◆ WHAT THE TASK ASKS ◆
Return all of the data exactly, with nothing left out but the pictures.

(Items from a dataset)
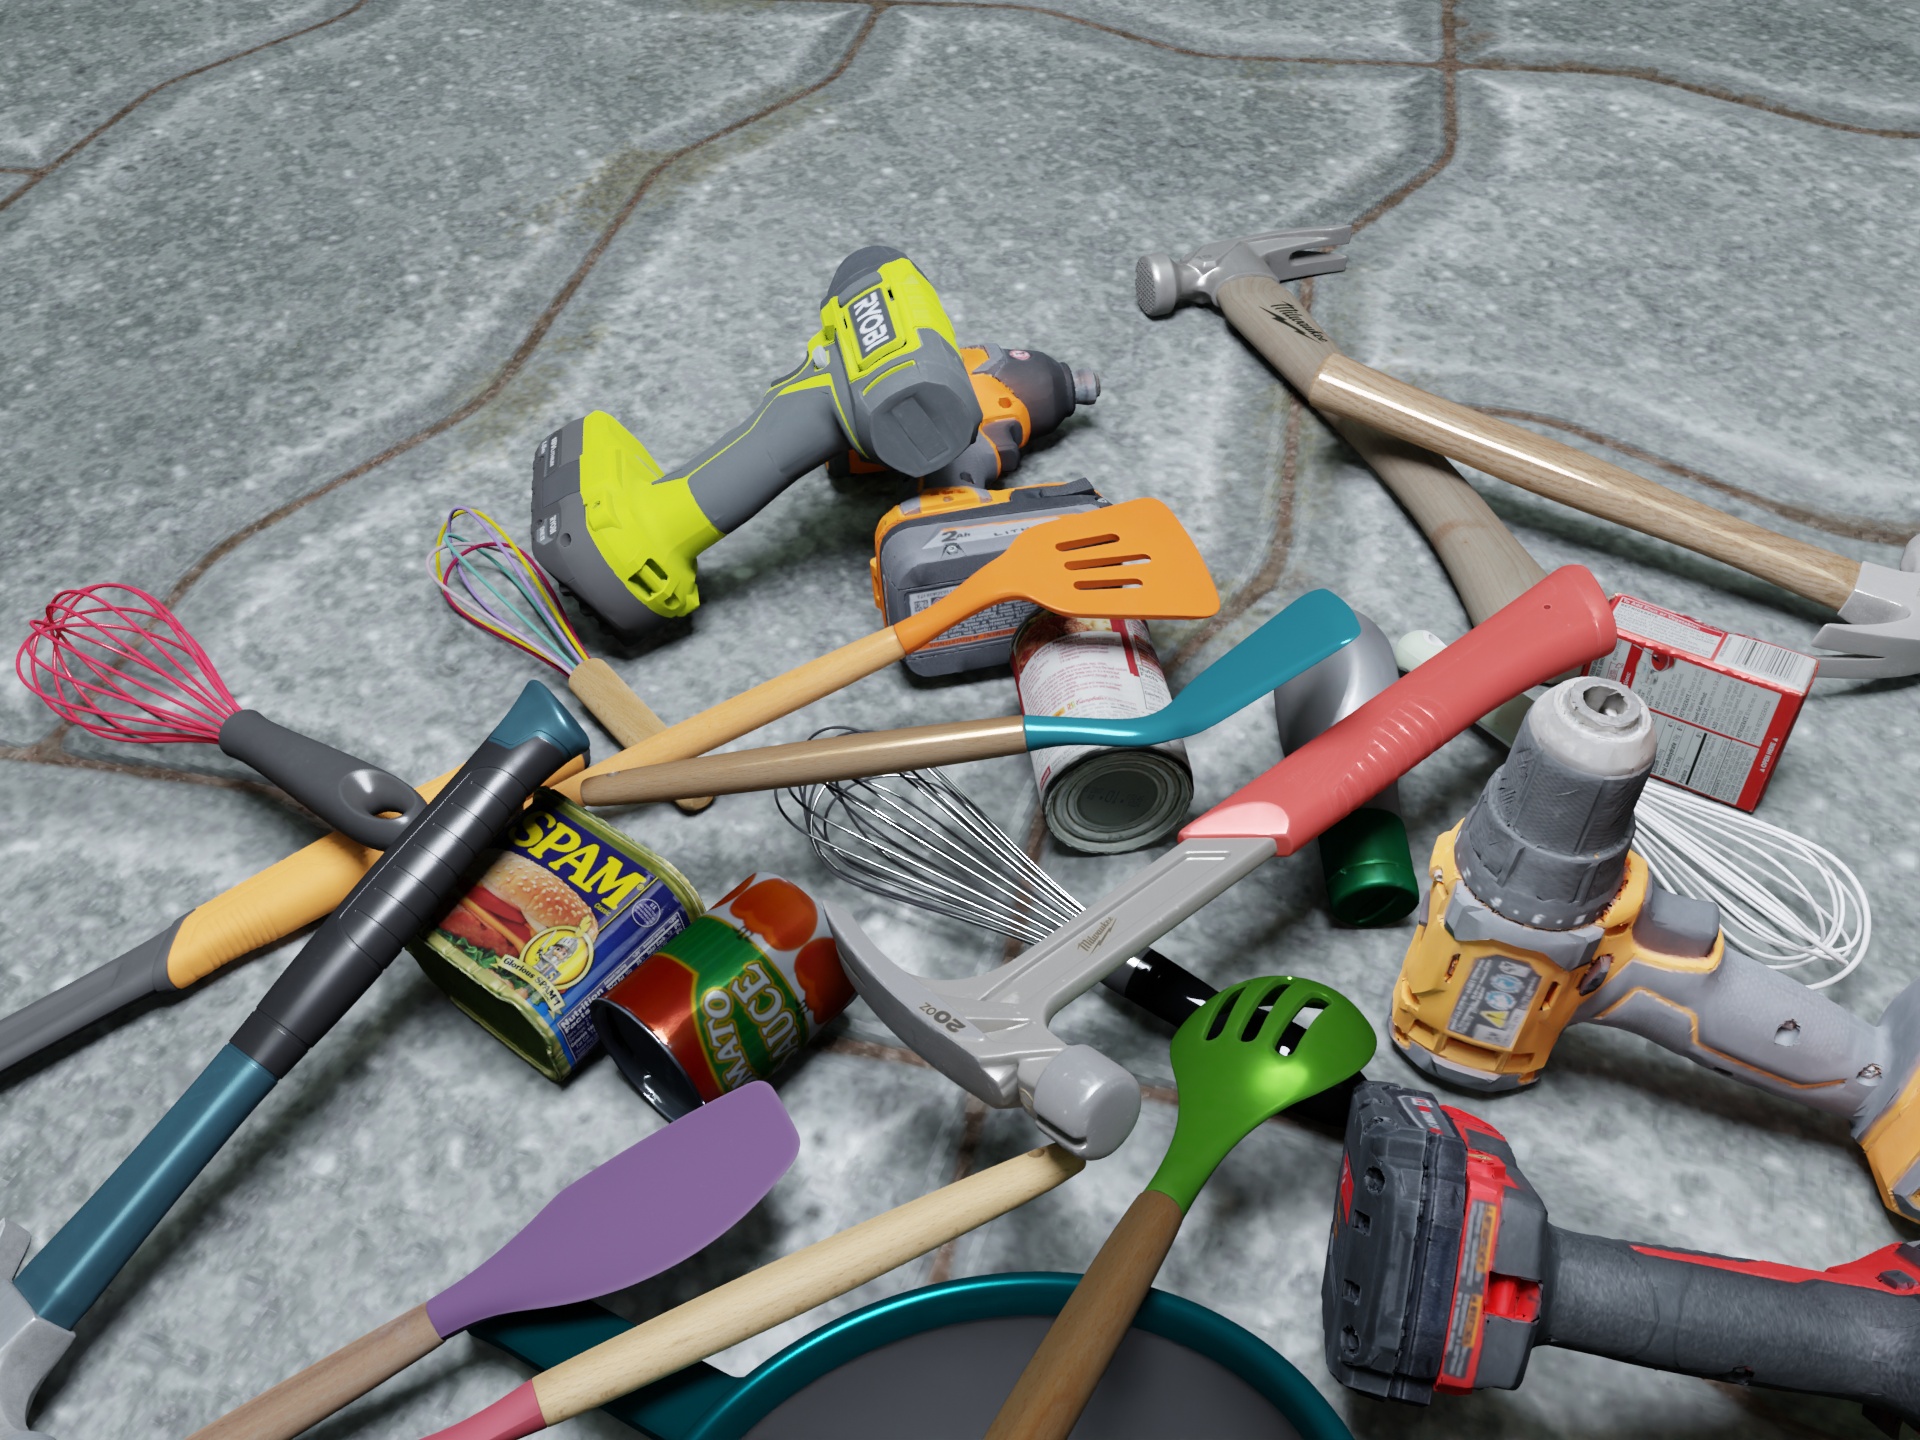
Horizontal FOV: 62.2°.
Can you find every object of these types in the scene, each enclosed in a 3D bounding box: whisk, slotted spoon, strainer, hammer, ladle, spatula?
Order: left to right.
[{"bbox_3d":[-0.340,0.000,0.728,0.296,0.073,0.073,22,50,30],"label":"whisk"},{"bbox_3d":[-0.304,0.089,0.673,0.337,0.034,0.127,-32,49,-26],"label":"hammer"},{"bbox_3d":[-0.250,0.115,0.586,0.128,0.033,0.331,15,59,40],"label":"hammer"},{"bbox_3d":[-0.195,0.212,0.520,0.316,0.018,0.060,-28,35,-11],"label":"spatula"},{"bbox_3d":[-0.197,-0.031,0.790,0.047,0.051,0.245,-45,59,-6],"label":"whisk"},{"bbox_3d":[-0.100,0.194,0.476,0.315,0.031,0.069,-20,13,-19],"label":"ladle"},{"bbox_3d":[-0.036,0.250,0.467,0.340,0.095,0.211,7,29,40],"label":"strainer"},{"bbox_3d":[-0.045,-0.020,0.711,0.322,0.041,0.081,-25,50,5],"label":"spatula"},{"bbox_3d":[-0.001,-0.002,0.642,0.317,0.044,0.082,-8,17,4],"label":"spatula"},{"bbox_3d":[0.039,0.083,0.646,0.285,0.070,0.070,30,53,24],"label":"whisk"},{"bbox_3d":[0.051,0.163,0.474,0.070,0.031,0.314,3,28,33],"label":"slotted spoon"},{"bbox_3d":[0.125,0.027,0.620,0.359,0.036,0.149,-31,37,-26],"label":"hammer"},{"bbox_3d":[0.241,-0.168,0.898,0.146,0.038,0.411,-13,46,-12],"label":"hammer"},{"bbox_3d":[0.280,0.028,0.693,0.057,0.059,0.247,10,26,-42],"label":"whisk"},{"bbox_3d":[0.331,-0.112,0.801,0.331,0.031,0.130,27,46,18],"label":"hammer"}]

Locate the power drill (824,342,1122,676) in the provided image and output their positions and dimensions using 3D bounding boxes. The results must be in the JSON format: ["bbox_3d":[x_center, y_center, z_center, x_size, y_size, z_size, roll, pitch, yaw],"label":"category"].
[{"bbox_3d":[0.016,-0.128,0.842,0.164,0.084,0.227,-11,41,-7],"label":"power drill"}]

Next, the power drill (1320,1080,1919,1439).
[{"bbox_3d":[0.228,0.176,0.489,0.220,0.143,0.078,9,87,13],"label":"power drill"}]

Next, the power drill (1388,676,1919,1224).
[{"bbox_3d":[0.274,0.079,0.543,0.226,0.185,0.084,15,46,14],"label":"power drill"}]

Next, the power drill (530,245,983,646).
[{"bbox_3d":[-0.104,-0.148,0.804,0.223,0.080,0.171,-29,41,12],"label":"power drill"}]
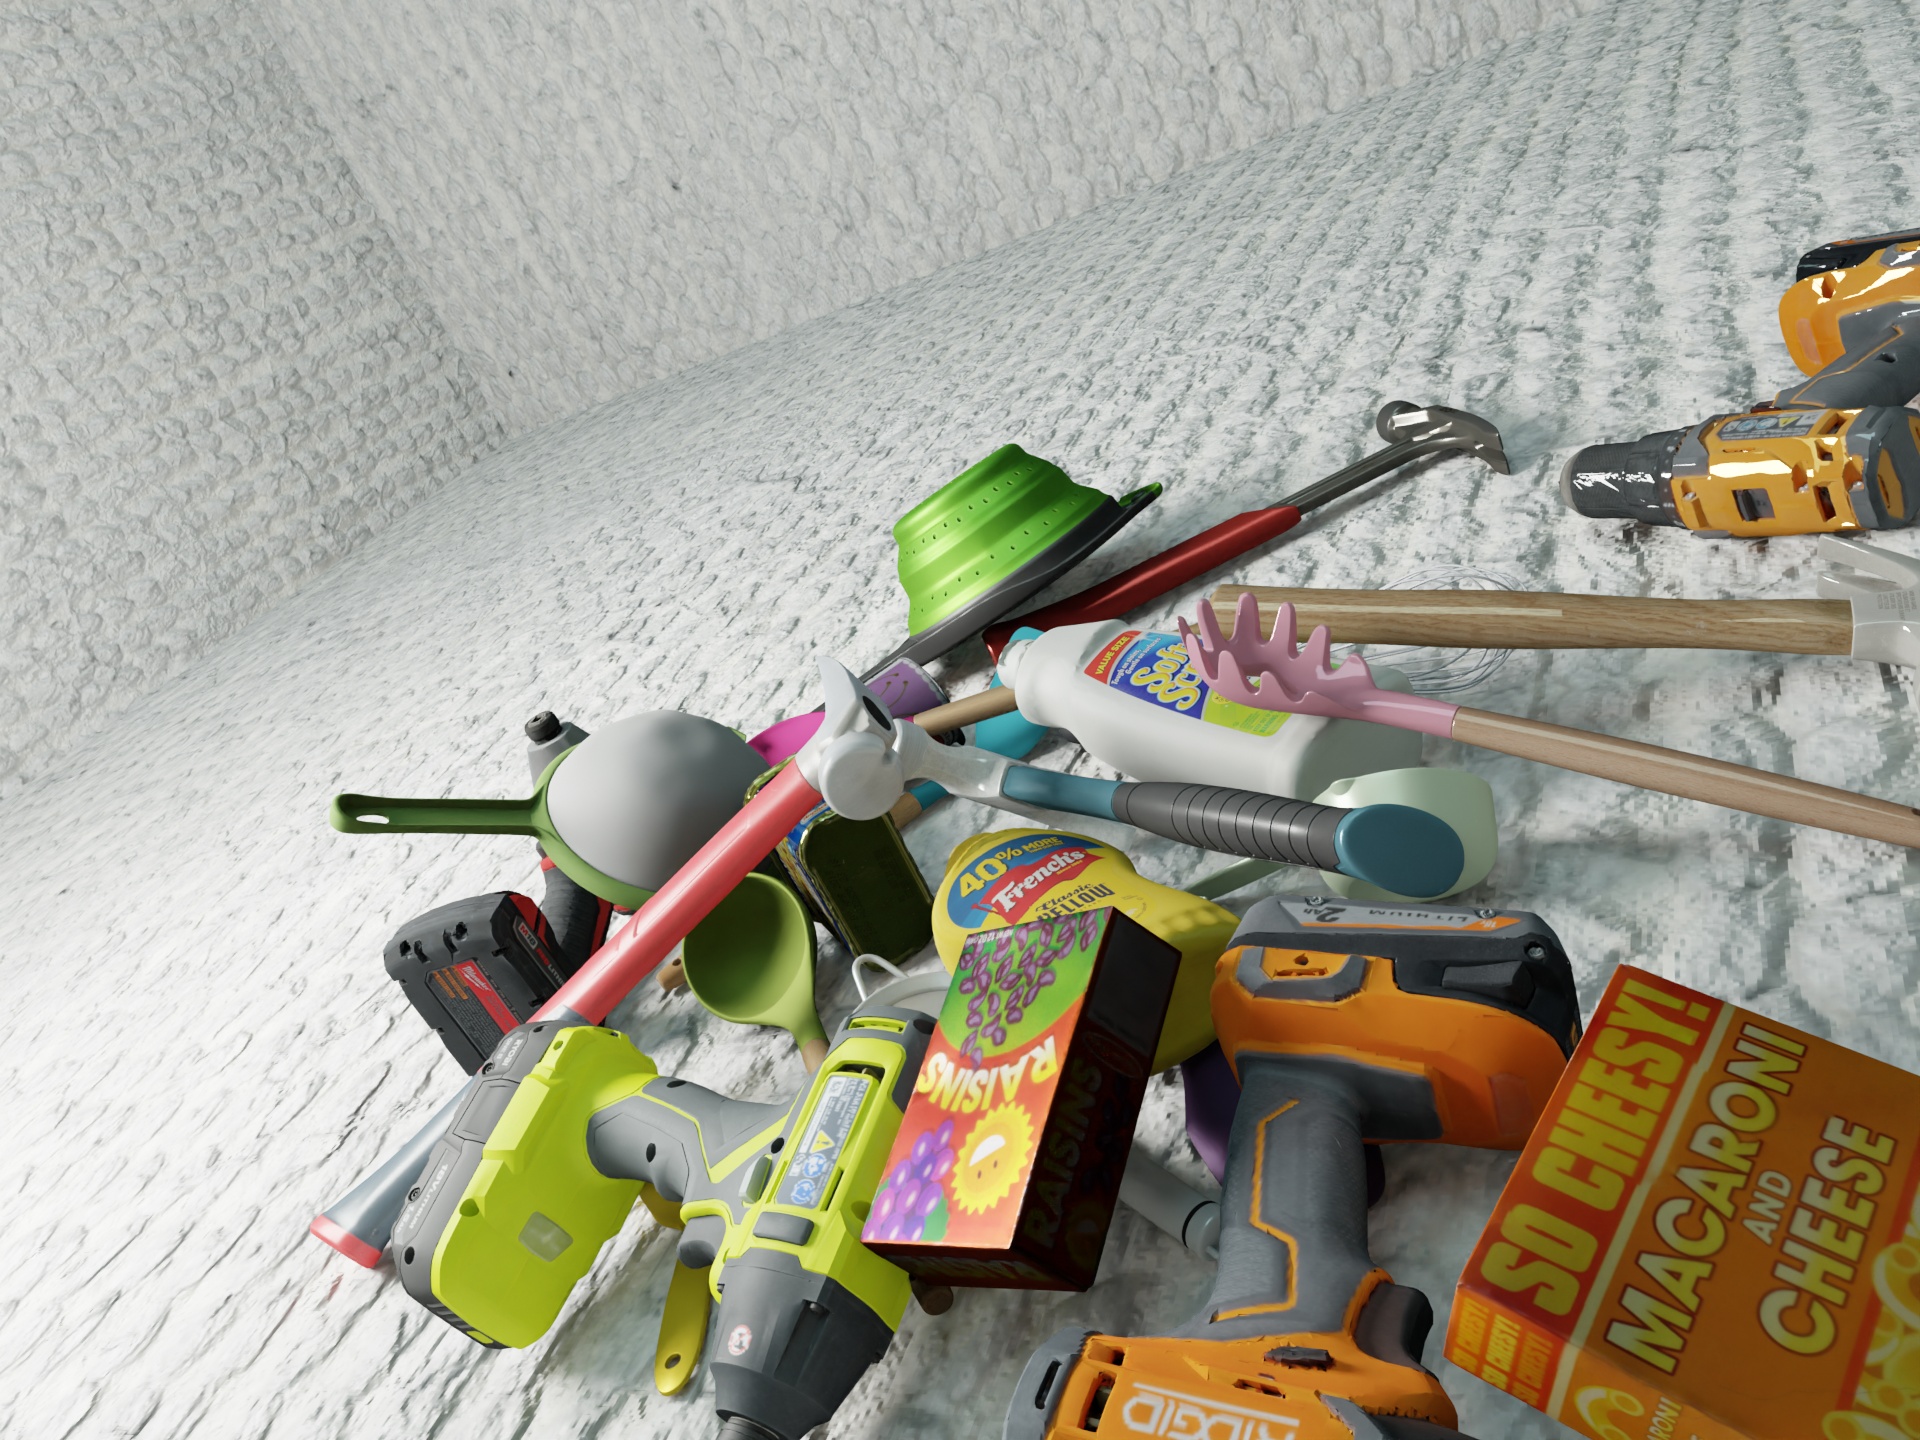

◆ YOUR SOLUTION ◆
Horizontal FOV: 62.2°.
Can you find every object of these types in the scene, each enclosed in a 3D bounding box: whisk, slotted spoon, strainer, hammer, ladle, spatula?
Order: left to right.
[{"bbox_3d":[-0.340,0.000,0.728,0.296,0.073,0.073,22,50,30],"label":"whisk"},{"bbox_3d":[-0.304,0.089,0.673,0.337,0.034,0.127,-32,49,-26],"label":"hammer"},{"bbox_3d":[-0.250,0.115,0.586,0.128,0.033,0.331,15,59,40],"label":"hammer"},{"bbox_3d":[-0.195,0.212,0.520,0.316,0.018,0.060,-28,35,-11],"label":"spatula"},{"bbox_3d":[-0.197,-0.031,0.790,0.047,0.051,0.245,-45,59,-6],"label":"whisk"},{"bbox_3d":[-0.100,0.194,0.476,0.315,0.031,0.069,-20,13,-19],"label":"ladle"},{"bbox_3d":[-0.036,0.250,0.467,0.340,0.095,0.211,7,29,40],"label":"strainer"},{"bbox_3d":[-0.045,-0.020,0.711,0.322,0.041,0.081,-25,50,5],"label":"spatula"},{"bbox_3d":[-0.001,-0.002,0.642,0.317,0.044,0.082,-8,17,4],"label":"spatula"},{"bbox_3d":[0.039,0.083,0.646,0.285,0.070,0.070,30,53,24],"label":"whisk"},{"bbox_3d":[0.051,0.163,0.474,0.070,0.031,0.314,3,28,33],"label":"slotted spoon"},{"bbox_3d":[0.125,0.027,0.620,0.359,0.036,0.149,-31,37,-26],"label":"hammer"},{"bbox_3d":[0.241,-0.168,0.898,0.146,0.038,0.411,-13,46,-12],"label":"hammer"},{"bbox_3d":[0.280,0.028,0.693,0.057,0.059,0.247,10,26,-42],"label":"whisk"},{"bbox_3d":[0.331,-0.112,0.801,0.331,0.031,0.130,27,46,18],"label":"hammer"}]

Locate the power drill (824,342,1122,676) in the provided image and output their positions and dimensions using 3D bounding boxes. The results must be in the JSON format: ["bbox_3d":[x_center, y_center, z_center, x_size, y_size, z_size, roll, pitch, yaw],"label":"category"].
[{"bbox_3d":[0.016,-0.128,0.842,0.164,0.084,0.227,-11,41,-7],"label":"power drill"}]

Next, the power drill (1320,1080,1919,1439).
[{"bbox_3d":[0.228,0.176,0.489,0.220,0.143,0.078,9,87,13],"label":"power drill"}]

Next, the power drill (1388,676,1919,1224).
[{"bbox_3d":[0.274,0.079,0.543,0.226,0.185,0.084,15,46,14],"label":"power drill"}]

Next, the power drill (530,245,983,646).
[{"bbox_3d":[-0.104,-0.148,0.804,0.223,0.080,0.171,-29,41,12],"label":"power drill"}]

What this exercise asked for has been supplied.